BEGIN Source data

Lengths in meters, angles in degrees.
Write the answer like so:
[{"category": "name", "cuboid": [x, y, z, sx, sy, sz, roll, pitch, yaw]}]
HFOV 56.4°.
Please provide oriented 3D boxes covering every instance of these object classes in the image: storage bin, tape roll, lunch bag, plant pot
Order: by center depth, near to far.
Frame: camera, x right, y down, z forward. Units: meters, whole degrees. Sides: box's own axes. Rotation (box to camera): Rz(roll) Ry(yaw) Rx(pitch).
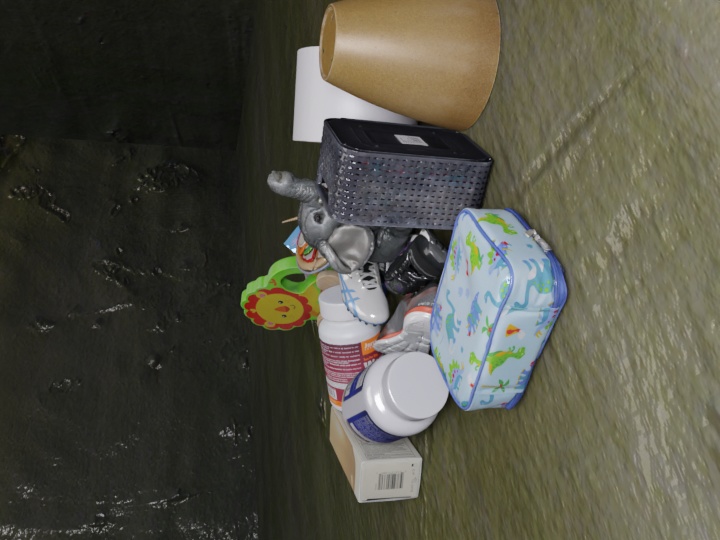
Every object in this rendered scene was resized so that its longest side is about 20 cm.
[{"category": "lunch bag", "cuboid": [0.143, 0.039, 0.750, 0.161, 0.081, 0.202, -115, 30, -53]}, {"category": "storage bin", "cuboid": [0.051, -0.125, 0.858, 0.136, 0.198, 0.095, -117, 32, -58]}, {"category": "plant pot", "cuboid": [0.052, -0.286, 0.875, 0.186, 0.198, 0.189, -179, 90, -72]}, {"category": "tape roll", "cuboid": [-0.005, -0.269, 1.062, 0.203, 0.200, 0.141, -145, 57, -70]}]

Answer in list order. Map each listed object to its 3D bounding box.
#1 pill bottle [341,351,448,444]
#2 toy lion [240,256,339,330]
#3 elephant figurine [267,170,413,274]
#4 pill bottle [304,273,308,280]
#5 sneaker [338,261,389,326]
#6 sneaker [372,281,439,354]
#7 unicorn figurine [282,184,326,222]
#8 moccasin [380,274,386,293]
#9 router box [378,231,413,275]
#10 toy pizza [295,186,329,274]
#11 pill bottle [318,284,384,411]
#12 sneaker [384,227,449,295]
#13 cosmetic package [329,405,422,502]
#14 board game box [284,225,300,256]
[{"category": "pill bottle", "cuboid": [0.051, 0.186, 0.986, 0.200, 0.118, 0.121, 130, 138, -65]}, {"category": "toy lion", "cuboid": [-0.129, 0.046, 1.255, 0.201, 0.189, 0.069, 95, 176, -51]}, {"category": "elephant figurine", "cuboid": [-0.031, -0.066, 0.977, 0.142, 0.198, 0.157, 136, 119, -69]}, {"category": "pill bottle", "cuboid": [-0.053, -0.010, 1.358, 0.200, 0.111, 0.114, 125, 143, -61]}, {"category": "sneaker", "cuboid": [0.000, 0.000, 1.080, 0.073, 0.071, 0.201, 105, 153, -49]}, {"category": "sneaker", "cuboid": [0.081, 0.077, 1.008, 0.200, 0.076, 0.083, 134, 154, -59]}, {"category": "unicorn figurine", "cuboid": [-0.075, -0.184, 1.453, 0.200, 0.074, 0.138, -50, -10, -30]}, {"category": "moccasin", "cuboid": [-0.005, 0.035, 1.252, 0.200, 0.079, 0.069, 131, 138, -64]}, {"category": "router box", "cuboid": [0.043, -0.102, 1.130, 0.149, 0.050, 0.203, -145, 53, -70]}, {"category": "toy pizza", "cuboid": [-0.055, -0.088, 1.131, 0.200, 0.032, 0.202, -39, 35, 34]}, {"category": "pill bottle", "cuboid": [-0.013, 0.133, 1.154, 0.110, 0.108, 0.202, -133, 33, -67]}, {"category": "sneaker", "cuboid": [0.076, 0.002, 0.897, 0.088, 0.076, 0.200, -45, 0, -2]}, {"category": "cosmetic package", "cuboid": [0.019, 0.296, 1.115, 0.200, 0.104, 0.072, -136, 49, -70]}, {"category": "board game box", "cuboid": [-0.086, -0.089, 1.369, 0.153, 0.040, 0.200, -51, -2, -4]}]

END Source data

# Exercise aim:
Reproduce the records above exactly, from the first line to the line that holds "Frame: camera, x", inclusive, and omit everything after it.

# Answer space:
Lengths in meters, angles in degrees.
Write the answer like so:
[{"category": "name", "cuboid": [x, y, z, sx, sy, sz, roll, pitch, yaw]}]
HFOV 56.4°.
Please provide oriented 3D boxes covering every instance of these object classes in the image: storage bin, tape roll, lunch bag, plant pot
Order: by center depth, near to far.
Frame: camera, x right, y down, z forward. Units: meters, whole degrees. Sides: box's own axes. Rotation (box to camera): Rz(roll) Ry(yaw) Rx(pitch).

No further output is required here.